Exactly the lines from the start of the data below through the line that contains "Pro&quot; 试用版本创建 ww</text>" are to be copied, with pictures left out.
[Opening Input data section]
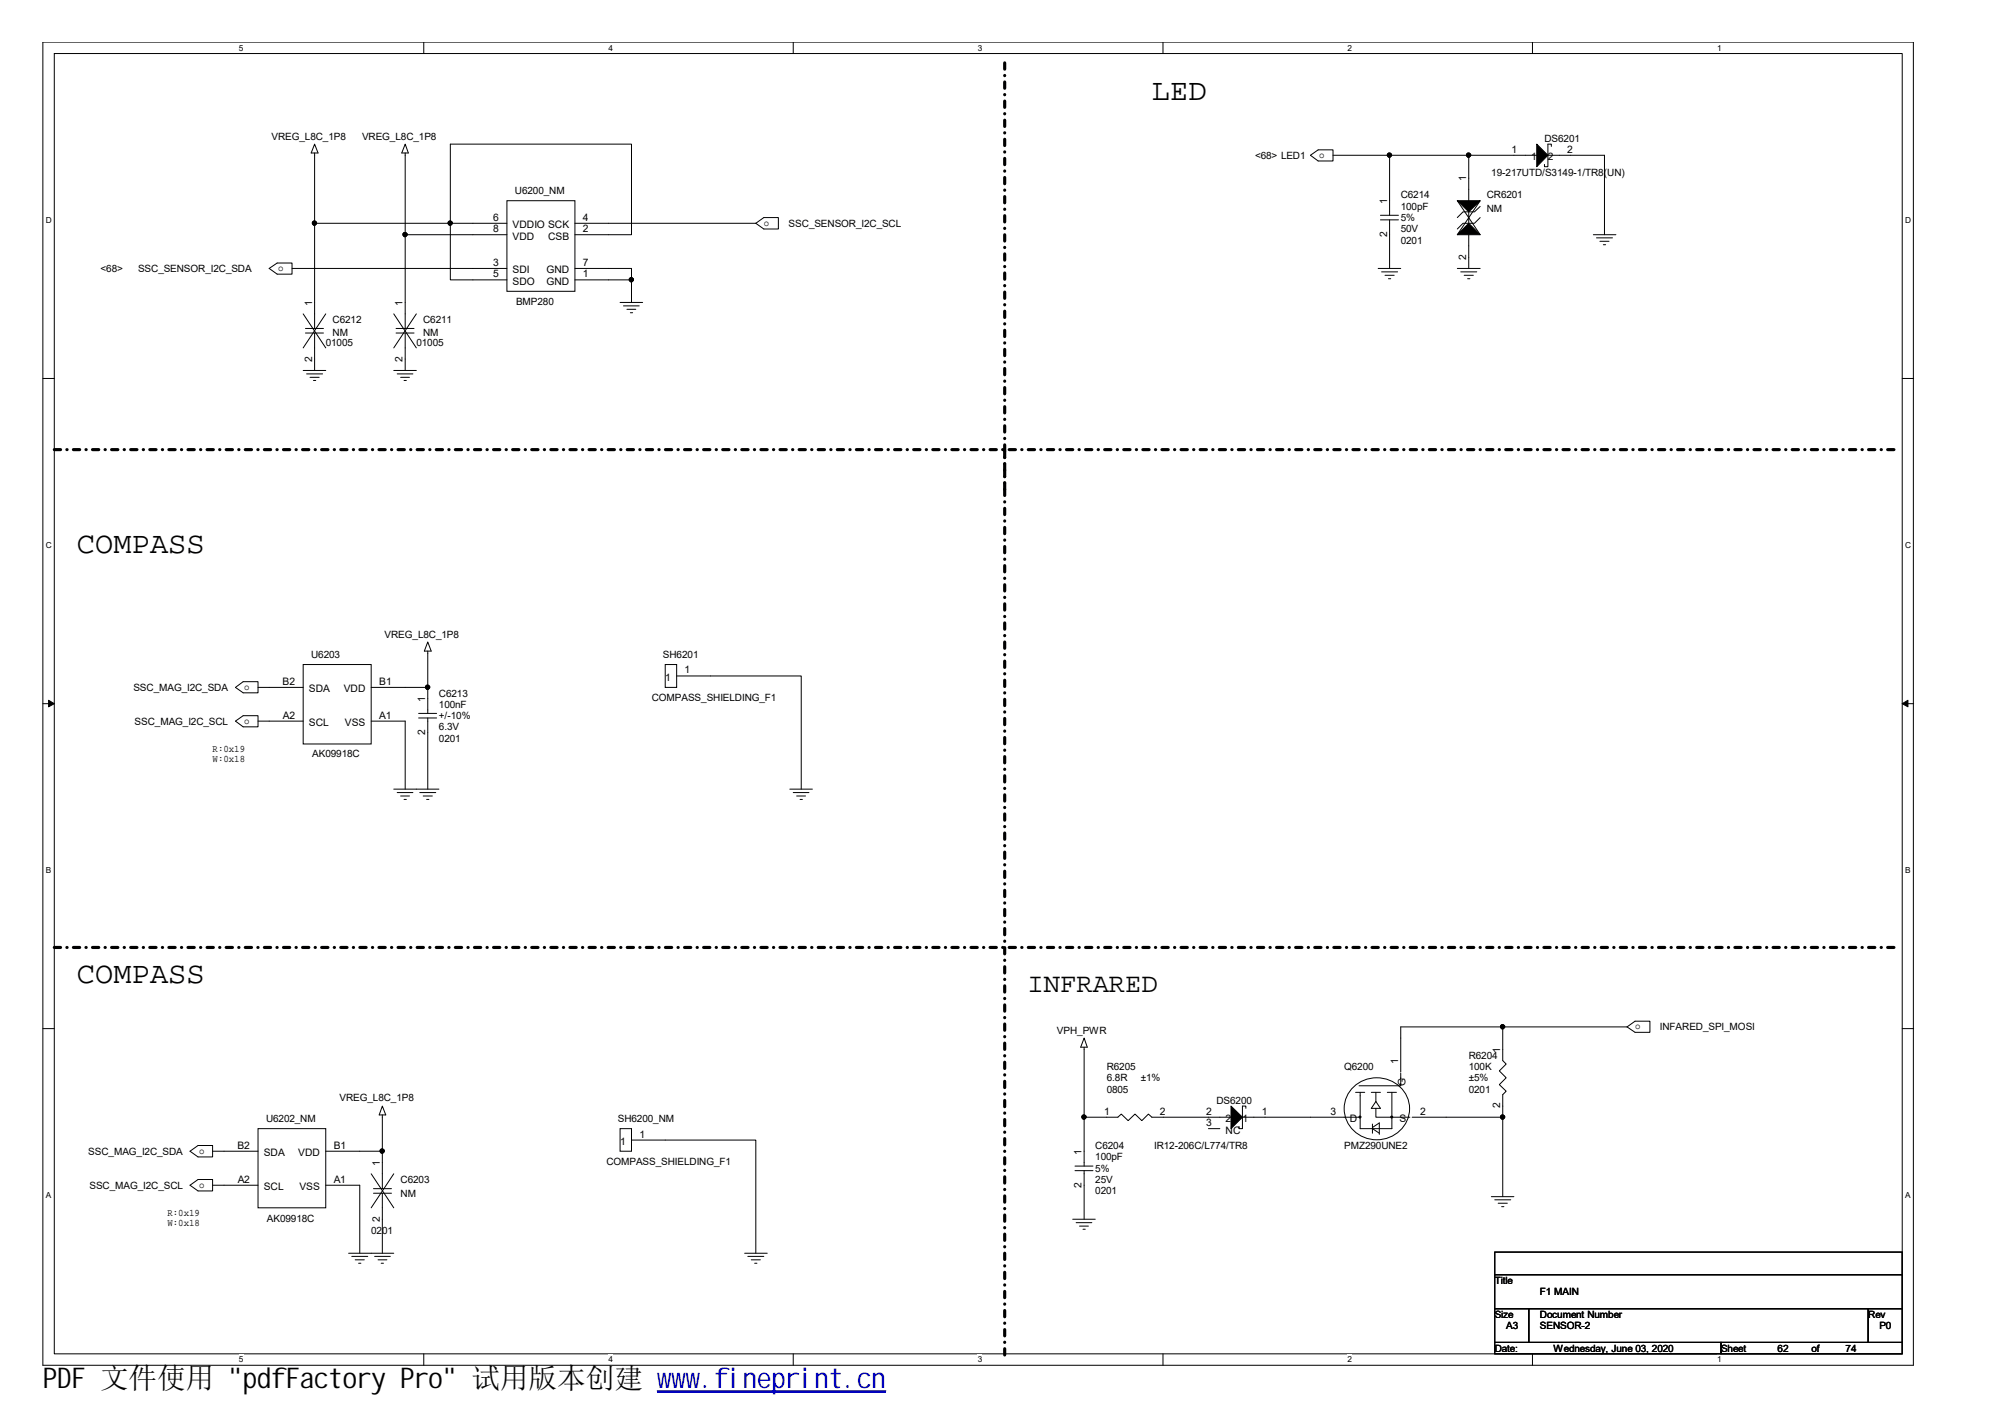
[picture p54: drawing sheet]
<svg xmlns="http://www.w3.org/2000/svg" width="297mm" height="210mm" viewBox="0 0 297 210" stroke-linecap="round" stroke-linejoin="round" font-family="sans-serif">
<defs><g id="words">
<g font-size="4.5">
<text x="170.6" y="14.9">LED</text>
<text x="11.4" y="81.9">COMPASS</text>
<text x="11.4" y="145.6">COMPASS</text>
</g>
<text font-size="4.2" x="6.3" y="205.7">PDF 文件使用 &quot;pdfFactory Pro&quot; 试用版本创建 ww</text>
<text font-size="4.2" fill="#00f" x="99.5" y="205.7">w.fineprint.cn</text>
<text font-size="4" x="152.2" y="147">INFRARED</text>
<g font-size="1.5">
<text x="40.2" y="20.7">VREG_L8C_1P8</text>
<text x="53.6" y="20.7">VREG_L8C_1P8</text>
<text x="185.9" y="23.6">&lt;68&gt; LED1</text>
<text x="195.5" y="23.4">o</text>
<text x="223.9" y="22.6">1</text>
<text x="226.8" y="23.7">1</text>
<text x="228.8" y="21">DS6201</text>
<text x="229.3" y="23.7">2</text>
<text x="232.2" y="22.6">2</text>
<text x="76.3" y="28.7">U6200_NM</text>
<text x="207.5" y="29.4">C6214</text>
<text x="217.2" y="26.9" transform="rotate(-90 217.2 26.9)">1</text>
<text x="220.3" y="29.4">CR6201</text>
<text x="220.9" y="26">19-217UTD/S3149-1/TR8(</text>
<text x="238.1" y="26">UN)</text>
<text x="73.1" y="34.4">8</text>
<text x="73.1" y="32.7">6</text>
<text x="75.9" y="33.8">VDDIO SCK</text>
<text x="75.9" y="35.5">VDD</text>
<text x="81.2" y="35.5">CSB</text>
<text x="86.4" y="34.4">2</text>
<text x="86.4" y="32.7">4</text>
<text x="113.2" y="33.5">o</text>
<text x="116.8" y="33.6">SSC_SENSOR_I2C_SCL</text>
<text x="205.5" y="35.1" transform="rotate(-90 205.5 35.1)">2</text>
<text x="205.5" y="30.2" transform="rotate(-90 205.5 30.2)">1</text>
<text x="207.5" y="31.1">100pF</text>
<text x="207.5" y="34.4">50V</text>
<text x="207.5" y="32.7">5%</text>
<text x="220.3" y="31.4">NM</text>
<text x="14.9" y="40.3">&lt;68&gt;</text>
<text x="20.4" y="40.3">SSC_SENSOR_I2C_SDA</text>
<text x="41.2" y="40.2">o</text>
<text x="73.1" y="39.4">3</text>
<text x="73.1" y="41.1">5</text>
<text x="75.9" y="40.5">SDI</text>
<text x="80.9" y="40.5">GND</text>
<text x="86.4" y="41.1">1</text>
<text x="86.4" y="39.4">7</text>
<text x="207.5" y="36.1">0201</text>
<text x="217.2" y="38.5" transform="rotate(-90 217.2 38.5)">2</text>
<text x="46.2" y="45.3" transform="rotate(-90 46.2 45.3)">1</text>
<text x="49.3" y="47.9">C6212</text>
<text x="59.6" y="45.3" transform="rotate(-90 59.6 45.3)">1</text>
<text x="62.7" y="47.9">C6211</text>
<text x="75.9" y="42.2">SDO</text>
<text x="76.5" y="45.1">BMP280</text>
<text x="80.9" y="42.2">GND</text>
<text x="46.2" y="53.6" transform="rotate(-90 46.2 53.6)">2</text>
<text x="48.3" y="51.2">01005</text>
<text x="49.3" y="49.8">NM</text>
<text x="59.6" y="53.6" transform="rotate(-90 59.6 53.6)">2</text>
<text x="61.7" y="51.2">01005</text>
<text x="62.7" y="49.8">NM</text>
<text x="57" y="94.5">VREG_L8C_1P8</text>
<text x="41.9" y="101.4">B2</text>
<text x="46.1" y="97.5">U6203</text>
<text x="56.2" y="101.4">B1</text>
<text x="98.2" y="97.5">SH6201</text>
<text x="98.6" y="100.9">1</text>
<text x="101.4" y="99.8">1</text>
<text x="19.8" y="102.3">SSC_MAG_I2C_SDA</text>
<text x="19.9" y="107.4">SSC_MAG_I2C_SCL</text>
<text x="36.2" y="102.2">o</text>
<text x="36.2" y="107.2">o</text>
<text x="41.9" y="106.4">A2</text>
<text x="45.8" y="107.5">SCL</text>
<text x="45.8" y="102.5">SDA</text>
<text x="50.9" y="102.5">VDD</text>
<text x="51.1" y="107.5">VSS</text>
<text x="56.2" y="106.4">A1</text>
<text x="63" y="104" transform="rotate(-90 63 104)">1</text>
<text x="65" y="103.2">C6213</text>
<text x="65" y="104.8">100nF</text>
<text x="65" y="106.5">+/-10%</text>
<text x="96.6" y="103.8">COMPASS_SHIELDING_F1</text>
<text x="31.5" y="111.4">R:0x19</text>
<text x="31.5" y="112.9">W:0x18</text>
<text x="46.3" y="112.2">AK09918C</text>
<text x="63" y="108.9" transform="rotate(-90 63 108.9)">2</text>
<text x="65" y="109.9">0201</text>
<text x="65" y="108.2">6.3V</text>
<text x="156.6" y="153.1">VPH_PWR</text>
<text x="222.2" y="155.9" transform="rotate(-90 222.2 155.9)">1</text>
<text x="242.2" y="152.5">o</text>
<text x="245.9" y="152.6">INFARED_SPI_MOSI</text>
<text x="164" y="158.5">R6205</text>
<text x="164" y="160.2">6.8R</text>
<text x="164" y="161.9">0805</text>
<text x="169" y="160.2">±1%</text>
<text x="199.1" y="158.5">Q6200</text>
<text x="207.1" y="157.6" transform="rotate(-90 207.1 157.6)">1</text>
<text x="208.2" y="160.8" transform="rotate(-90 208.2 160.8)">G</text>
<text x="217.6" y="156.8">R6204</text>
<text x="217.6" y="158.5">100K</text>
<text x="217.6" y="160.2">±5%</text>
<text x="217.6" y="161.9">0201</text>
<text x="39.4" y="166.2">U6202_NM</text>
<text x="50.3" y="163.2">VREG_L8C_1P8</text>
<text x="91.5" y="166.2">SH6200_NM</text>
<text x="163.6" y="165.1">1</text>
<text x="171.8" y="165.1">2</text>
<text x="178.7" y="165.1">2</text>
<text x="178.7" y="166.8">3</text>
<text x="180.2" y="163.5">DS6200</text>
<text x="181.6" y="166.2">2</text>
<text x="181.6" y="167.9">NC</text>
<text x="184.1" y="166.2">1</text>
<text x="186.9" y="165.1">1</text>
<text x="197.1" y="165.1">3</text>
<text x="200" y="166.2">D</text>
<text x="207.3" y="166.2">S</text>
<text x="210.4" y="165.1">2</text>
<text x="222.2" y="164.2" transform="rotate(-90 222.2 164.2)">2</text>
<text x="13.1" y="171">SSC_MAG_I2C_SDA</text>
<text x="29.5" y="170.9">o</text>
<text x="35.2" y="170.2">B2</text>
<text x="39.1" y="171.3">SDA</text>
<text x="44.2" y="171.3">VDD</text>
<text x="49.4" y="170.2">B1</text>
<text x="56.3" y="172.7" transform="rotate(-90 56.3 172.7)">1</text>
<text x="89.8" y="172.6">COMPASS_SHIELDING_F1</text>
<text x="91.9" y="169.6">1</text>
<text x="94.7" y="168.5">1</text>
<text x="160.2" y="171" transform="rotate(-90 160.2 171)">1</text>
<text x="162.3" y="170.2">C6204</text>
<text x="162.3" y="171.9">100pF</text>
<text x="162.3" y="173.6">5%</text>
<text x="171" y="170.2">IR12-206C/L774/TR8</text>
<text x="199.1" y="170.2">PMZ290UNE2</text>
<text x="13.3" y="176.1">SSC_MAG_I2C_SCL</text>
<text x="29.5" y="176">o</text>
<text x="35.2" y="175.2">A2</text>
<text x="39.1" y="176.3">SCL</text>
<text x="44.4" y="176.3">VSS</text>
<text x="49.4" y="175.2">A1</text>
<text x="59.4" y="175.2">C6203</text>
<text x="59.4" y="177.3">NM</text>
<text x="160.2" y="175.9" transform="rotate(-90 160.2 175.9)">2</text>
<text x="162.3" y="176.9">0201</text>
<text x="162.3" y="175.2">25V</text>
<text x="24.8" y="180.1">R:0x19</text>
<text x="24.8" y="181.6">W:0x18</text>
<text x="39.5" y="180.9">AK09918C</text>
<text x="55" y="182.8">0201</text>
<text x="56.3" y="180.9" transform="rotate(-90 56.3 180.9)">2</text>
<text x="221.4" y="190.2">Title</text>
<text x="228.1" y="191.8">F1 MAIN</text>
<text x="221.4" y="195.2">Size</text>
<text x="223.1" y="196.9">A3</text>
<text x="228.1" y="195.2">Document Number</text>
<text x="228.1" y="196.9">SENSOR-2</text>
<text x="276.8" y="195.2">Rev</text>
<text x="278.4" y="196.9">P0</text>
<text x="221.4" y="200.2">Date:</text>
<text x="230.2" y="200.2">Wednesday, June 03, 2020</text>
<text x="255" y="200.2">Sheet</text>
<text x="263.4" y="200.2">62</text>
<text x="268.4" y="200.2">of</text>
<text x="273.4" y="200.2">74</text>
</g>
<g font-size="1.2">
<text x="35.4" y="7.5">5</text>
<text x="90.1" y="7.5">4</text>
<text x="144.9" y="7.5">3</text>
<text x="199.6" y="7.5">2</text>
<text x="254.4" y="7.5">1</text>
<text x="6.8" y="33.1">D</text>
<text x="282.2" y="33.1">D</text>
<text x="6.8" y="81.2">C</text>
<text x="282.2" y="81.2">C</text>
<text x="6.8" y="129.4">B</text>
<text x="282.2" y="129.4">B</text>
<text x="6.8" y="177.5">A</text>
<text x="282.2" y="177.5">A</text>
<text x="35.4" y="201.8">5</text>
<text x="90.1" y="201.8">4</text>
<text x="144.9" y="201.8">3</text>
<text x="199.6" y="201.8">2</text>
<text x="254.4" y="201.8">1</text>
</g>
</g></defs>
<path d="M6.3 6.2h277.2v196h-277.1zM8 7.9h273.8v192.6h-273.8z" fill="none" stroke="#000" stroke-width=".15"/>
<g fill="#fff">
<path d="M35.4 6.4h.6v1.4h-.6z"/>
<path d="M35.4 200.7h.6v1.4h-.6z"/>
</g>
<path d="M62.8 6.2v1.7M62.8 200.5v1.7" fill="none" stroke="#000" stroke-width=".15"/>
<g fill="#fff">
<path d="M90.1 6.4h.7v1.4h-.7z"/>
<path d="M90.1 200.7h.7v1.4h-.7z"/>
</g>
<path d="M117.5 6.2v1.7M117.5 200.5v1.7" fill="none" stroke="#000" stroke-width=".15"/>
<g fill="#fff">
<path d="M144.9 6.4h.6v1.4h-.6z"/>
<path d="M144.9 200.7h.6v1.4h-.6z"/>
</g>
<path d="M172.3 6.2v1.7M172.3 200.5v1.7" fill="none" stroke="#000" stroke-width=".15"/>
<g fill="#fff">
<path d="M199.6 6.4h.7v1.4h-.7z"/>
<path d="M199.6 200.7h.7v1.4h-.7z"/>
</g>
<path d="M227 6.2v1.7M227 200.5v1.7" fill="none" stroke="#000" stroke-width=".15"/>
<g fill="#fff">
<path d="M254.4 6.4h.6v1.4h-.6z"/>
<path d="M254.4 200.7h.6v1.4h-.6z"/>
<path d="M6.8 31.9h.8v1.4h-.8z"/>
<path d="M282.2 31.9h.9v1.4h-.9z"/>
<path d="M6.8 80.1h.8v1.4h-.8z"/>
<path d="M282.2 80.1h.9v1.4h-.9z"/>
</g>
<path d="M6.3 56.1h1.7M281.8 56.1h1.7" fill="none" stroke="#000" stroke-width=".15"/>
<g fill="#fff">
<path d="M6.8 128.2h.7v1.4h-.7z"/>
<path d="M282.2 128.2h.8v1.4h-.8z"/>
</g>
<path d="M6.3 104.2h1.7M281.8 104.2h1.7" fill="none" stroke="#000" stroke-width=".15"/>
<path d="M7.2 103.7l.8 .5-.8 .5zM281.8 104.2l.9-.5v1z" fill="#000" stroke="#000" stroke-width=".15"/>
<g fill="#fff">
<path d="M6.8 176.4h.7v1.4h-.7z"/>
<path d="M282.2 176.4h.8v1.4h-.8z"/>
</g>
<g fill="none" stroke="#000" stroke-width=".15">
<path d="M39.9 39.8l1.2-.8h2.2v1.6h-2.2zM43.3 39.8h31.8M46.6 22.7v10.4M46.6 21.4l.5 1.3h-1zM60 21.4l.5 1.3h-1zM60 22.7v12.1h15.1M60 34.8v13.9M75.1 29.7h10.1v13.5h-10.1zM75.1 33.1h-8.4v-11.7h26.9v13.4h-8.4M85.2 39.8h8.4v5M85.2 33.1h26.8M112 33.1l1.2-.9h2.1v1.7h-2.1z"/>
<path d="M194.1 23l1.2-.8h2.2v1.6h-2.2zM197.5 23h30.2M204.2 39.8h3.3M204.5 31.9h2.7M204.5 32.6h2.7M205.9 23v8.9M205.9 32.6v7.2M215.9 39.8h3.4M215.9 29.7l3.4 5.1M217.6 23v6.7M217.6 31.4v1.7M217.6 34.8v5"/>
<path d="M219.3 30.6l-.9 .8h-1.7l-.8 .8M219.3 29.7l-3.4 5.1M219.3 32.2l-.9 .9h-1.7l-.8 .8M229.3 23h8.4v11.8M229.8 21.7v-.3h-.5v3.3h-.5v-.3M236.1 34.8h3.3M236.5 35.2h2.4M237 35.7h1.4M237.5 36.3h.4M44.9 54.9h3.4M44.9 46.5l3.4 5M45.3 48.7h2.6"/>
<path d="M45.3 49.3h2.6M45.4 55.4h2.4M45.9 55.9h1.4M46.4 56.4h.4M46.6 49.3v5.6M48.3 46.5l-3.4 5M58.3 54.9h3.4M58.3 46.5l3.4 5M58.7 48.7h2.6M58.7 49.3h2.6M58.8 55.4h2.4M59.4 55.9h1.3"/>
<path d="M59.9 56.4h.3M60 49.3v5.6M61.7 46.5l-3.4 5M75.1 41.5h-8.4v-8.4h-20.1v15.6M85.2 41.5h8.4M91.9 44.8h3.3M92.4 45.3h2.3M92.9 45.8h1.3M93.4 46.3h.3M204.7 40.3h2.4M205.2 40.8h1.3M205.7 41.3h.3"/>
<path d="M216.4 40.3h2.4M216.9 40.8h1.4M217.4 41.3h.4M44.9 98.4h10.1v11.8h-10.1zM63.4 96.4v9.3M63.4 95.1l.5 1.3h-1zM98.6 98.4h1.6v3.4h-1.6zM34.9 101.8l1.1-.8h2.2v1.6h-2.2zM34.9 106.8l1.1-.8h2.2v1.7h-2.2zM38.2 106.8h6.7M38.2 101.8h6.7M55 106.8h5v10.1"/>
<path d="M55 101.8h8.4M58.3 116.9h6.7M58.8 117.4h2.4M59.4 117.9h1.3M59.9 118.4h.3M62 105.7h2.7M62 106.4h2.7M62.2 117.4h2.4M62.7 117.9h1.4M63.2 118.4h.3M63.4 106.4v10.5M100.2 100.1h18.5v16.8"/>
<path d="M117 116.9h3.4M117.5 117.4h2.3M118 117.9h1.3M118.5 118.4h.4M6.3 152.4h1.7M160.6 153.8l.5 1.3h-1zM160.6 155.1v17.6M207.5 159v1.8h-6.2M222.6 152.1v5l.5 .5-1 1 1 1.1-1 1 1 .9-.5 .6v15.1M241 152.1h-33.5v6.7M241 152.1l1.2-.8h2.2v1.6h-2.2zM281.8 152.4h1.7"/>
<path d="M28.2 170.5l1.1-.8h2.2v1.7h-2.2zM28.2 175.6l1.1-.9h2.2v1.7h-2.2zM31.5 175.6h6.7M31.5 170.5h6.7M38.2 167.2h10.1v11.7h-10.1zM48.3 175.6h5v10M48.3 170.5h8.3M55 173.9l3.3 5M55.3 176.1h2.7M55.3 176.8h2.7M56.6 165.2v10.9M56.6 176.8v8.8"/>
<path d="M56.6 163.8l.5 1.4h-.9zM58.3 173.9l-3.3 5M91.9 167.2h1.7v3.3h-1.7zM93.6 168.9h18.4v16.7M159.3 172.7h2.6M159.3 173.4h2.6M160.6 173.4v7.2M160.6 165.5h5l.5-.5 1 1 1-1 1.1 1 .9-1 .5 .5h11.8M179 167.2h1.7M184.1 165.5h17.4M184.6 164.2v-.4h-.5v3.4h-.5v-.4M200.3 161.3a4.9 4.9 0 0 1 5.2-1.4 4.9 4.9 0 0 1 3.3 4.3 4.9 4.9 0 0 1-4.8 4.6 4.9 4.9 0 0 1-4.9-4.6 4.4 4.4 0 0 1 1.2-2.9z"/>
<path d="M200.8 161.8h1.4M201.5 161.8v5.4h4.7v-5.4M203.2 161.8h1.3M203.3 167.2l1 .7M203.3 166.5v1.4M203.3 167l1-.7v1.7M203.8 164.2v1.3h5.1M203.8 163.2l.7 1h-1.3zM203.8 161.8v1.4M205.5 161.8h1.4M209.2 165.5h13.4M220.9 177.3h3.4"/>
<path d="M221.4 177.7h2.4M222 178.2h1.3M222.5 178.7h.3M51.6 185.6h6.7M52.1 186.1h2.4M52.6 186.6h1.4M53.1 187.1h.4M55.5 186.1h2.3M56 186.6h1.3M56.5 187.1h.3M110.3 185.6h3.4M110.8 186.1h2.4"/>
<path d="M111.3 186.6h1.3M111.8 187.1h.3M158.9 180.6h3.4M159.4 181.1h2.4M159.9 181.6h1.3M160.4 182.1h.4M221.4 185.5h60.4v3.3h-60.4zM221.4 188.8h60.4v5.1h-60.4zM221.4 193.9h5.1v5h-5.1zM221.4 198.9h33.6v1.6h-33.6zM226.5 193.9h50.3v5h-50.3zM255 198.9h26.8v1.6h-26.8z"/>
<path d="M276.8 193.9h5v5h-5z"/>
</g>
<path d="M8 66.6h273.3M148.8 72.5v-63.7M8 140.3h273.3M148.8 200.7v-134.1" fill="none" stroke="#000" stroke-width=".47" stroke-dasharray=".9 .9 0 .9"/>
<g fill="#000" stroke="#000" stroke-width=".15">
<path d="M217.6 33.1l1.7 1.7h-3.4zM215.9 29.7h3.4l-1.7 1.7zM227.7 21.4l1.6 1.6-1.6 1.7zM182.4 163.8l1.7 1.7-1.7 1.7z"/>
<path d="M201.4 165.4h.2v.2h-.2z" fill-rule="evenodd"/>
<path d="M206.1 165.4h.2v.2h-.2z" fill-rule="evenodd"/>
<circle cx="46.6" cy="33" r=".32"/>
<circle cx="60" cy="34.7" r=".32"/>
<circle cx="66.7" cy="33" r=".32"/>
<circle cx="205.8" cy="23" r=".32"/>
<circle cx="217.6" cy="23" r=".32"/>
<circle cx="93.5" cy="41.4" r=".32"/>
<circle cx="63.3" cy="101.8" r=".32"/>
<circle cx="222.6" cy="152.1" r=".32"/>
<circle cx="56.6" cy="170.5" r=".32"/>
<circle cx="160.6" cy="165.5" r=".32"/>
<circle cx="222.6" cy="165.5" r=".32"/>
</g>
<path d="M97.4 206h33.8" fill="none" stroke="#00f" stroke-width=".18"/>
<path d="M97.4 206.2h33.8" fill="none" stroke="#00f" stroke-width=".21"/>
<use href="#words"/>
</svg>
[Closing Input data section]
Expected answer —
[picture p54: drawing sheet]
<svg xmlns="http://www.w3.org/2000/svg" width="297mm" height="210mm" viewBox="0 0 297 210" stroke-linecap="round" stroke-linejoin="round" font-family="sans-serif">
<defs><g id="words">
<g font-size="4.5">
<text x="170.6" y="14.9">LED</text>
<text x="11.4" y="81.9">COMPASS</text>
<text x="11.4" y="145.6">COMPASS</text>
</g>
<text font-size="4.2" x="6.3" y="205.7">PDF 文件使用 &quot;pdfFactory Pro&quot; 试用版本创建 ww</text>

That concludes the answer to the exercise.